The Trump administration needs to seriously consider what the majority of American scientists and others throughout the world are saying about changes in our global climate, and the adverse effects that human and industrial behavior is having on our planet. If we continue to do nothing there will be severe consequences to our environment, our food supply, coastal communities and to our health, scientists say.

Last summer, when a brutally harsh storm caused fatal flooding in South Texas and most recently when historic storms devastated parts of Florida, North Carolina, South Carolina and Virginia, the president remained silent in the face of hard scientific data that demonstrates a direct relationship between life-threatening weather patterns and our government’s refusal to address the realities of climate change.

Again, there was silence just two weeks ago when a United Nations science report stated that placing a price on carbon dioxide emissions, a leading cause for adverse changes in the world’s climate, was crucial to curbing the impact that a warming climate was having on communities, countries, agriculture and people.

The highly-acclaimed United Nations report states that the number of poor people in the world will grow because of increased food shortages, that there will be more wildfires and that we will witness the death of the world’s coral reefs within the next twenty-five years if leaders and governments do not move quickly.

Even 40 years of research by a professor who was recently awarded the Nobel Prize for science have failed to get the administration to act. “We are actually going backwards in the United States with the disastrous polices of the Trump administration,” said Professor William D. Nordhaus, an economist at Yale University who was awarded the 2018 Nobel Prize for Economic Sciences.
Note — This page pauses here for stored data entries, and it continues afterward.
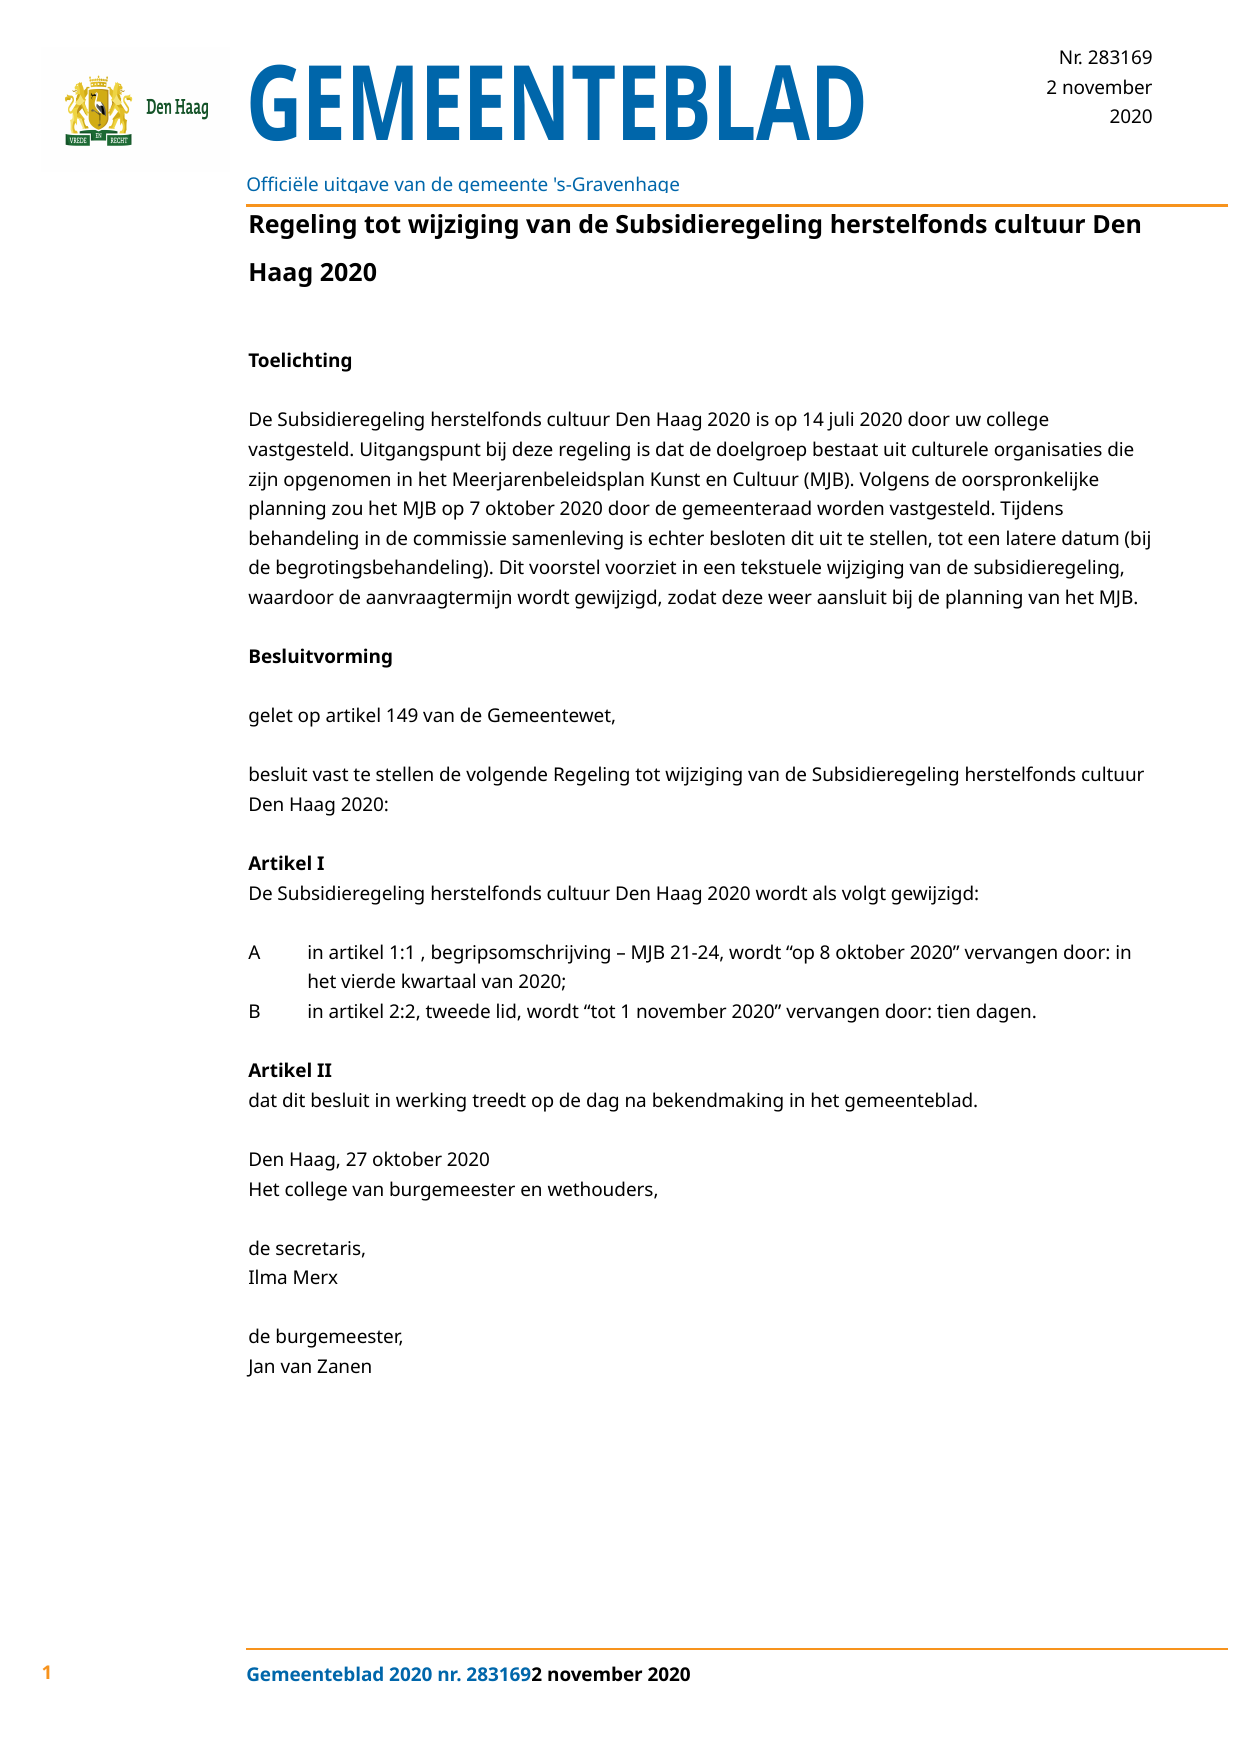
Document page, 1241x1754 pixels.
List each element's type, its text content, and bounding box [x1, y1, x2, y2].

text de burgemeester, [248, 1324, 1152, 1349]
text Artikel I [248, 850, 1152, 876]
text Den Haag, 27 oktober 2020 [248, 1146, 1152, 1172]
picture [41, 47, 231, 172]
text Artikel II [248, 1057, 1152, 1083]
text Ilma Merx [248, 1264, 1152, 1290]
list in artikel 1:1 , begripsomschrijving – MJB 21-24, wordt “op 8 oktober 2020” vervangen door: in het vierde kwartaal van 2020; [248, 939, 1152, 994]
text Toelichting [248, 347, 1152, 373]
text Het college van burgemeester en wethouders, [248, 1176, 1152, 1202]
text Regeling tot wijziging van de Subsidieregeling herstelfonds cultuur Den Haag 2020 [248, 207, 1152, 288]
text Besluitvorming [248, 643, 1152, 669]
text De Subsidieregeling herstelfonds cultuur Den Haag 2020 wordt als volgt gewijzigd: [248, 880, 1152, 906]
text de secretaris, [248, 1235, 1152, 1261]
text besluit vast te stellen de volgende Regeling tot wijziging van de Subsidieregeling herstelfonds cultuur Den Haag 2020: [248, 762, 1152, 817]
text Jan van Zanen [248, 1353, 1152, 1379]
text gelet op artikel 149 van de Gemeentewet, [248, 702, 1152, 728]
text De Subsidieregeling herstelfonds cultuur Den Haag 2020 is op 14 juli 2020 door uw college vastgesteld. Uitgangspunt bij deze regeling is dat de doelgroep bestaat uit culturele organisaties die zijn opgenomen in het Meerjarenbeleidsplan Kunst en Cultuur (MJB). Volgens de oorspronkelijke planning zou het MJB op 7 oktober 2020 door de gemeenteraad worden vastgesteld. Tijdens behandeling in de commissie samenleving is echter besloten dit uit te stellen, tot een latere datum (bij de begrotingsbehandeling). Dit voorstel voorziet in een tekstuele wijziging van de subsidieregeling, waardoor de aanvraagtermijn wordt gewijzigd, zodat deze weer aansluit bij de planning van het MJB. [248, 407, 1152, 610]
text dat dit besluit in werking treedt op de dag na bekendmaking in het gemeenteblad. [248, 1087, 1152, 1113]
list in artikel 2:2, tweede lid, wordt “tot 1 november 2020” vervangen door: tien dagen. [248, 998, 1152, 1024]

The policies of the Trump administration are not constructive and are behind scientific facts, Professor Nordhaus said.  “We are gambling with the future of our planet,” he said.

The president made a serious mistake in June of 2017when he withdrew our nation from the Paris Climate Agreement which had been endorsed by the Obama administration.  The accords, signed by nearly every nation on the face of the earth, united them to face the effects of climate change by agreeing to lower the amount of emissions each country placed into the atmosphere.

While withdrawing from the agreement, President Trump said that the treaty was “unfair” to the United States. The president was incorrect. The treaty was more than fair to our country.  The president’s real problem with the accord is that he had promised supporters in coal-producing states that he would fight for their jobs and their industry, while knowing that our nation’s economy was moving away from coal.

The facts speak for themselves. If we continue to do nothing we will have a catastrophe on our hands and we will only have ourselves to blame. Hopefully, the administration will soon recognize the pressing realities. The alternative is more violent storms, more deaths and the destruction of property. Certainly, the American people deserve more than that.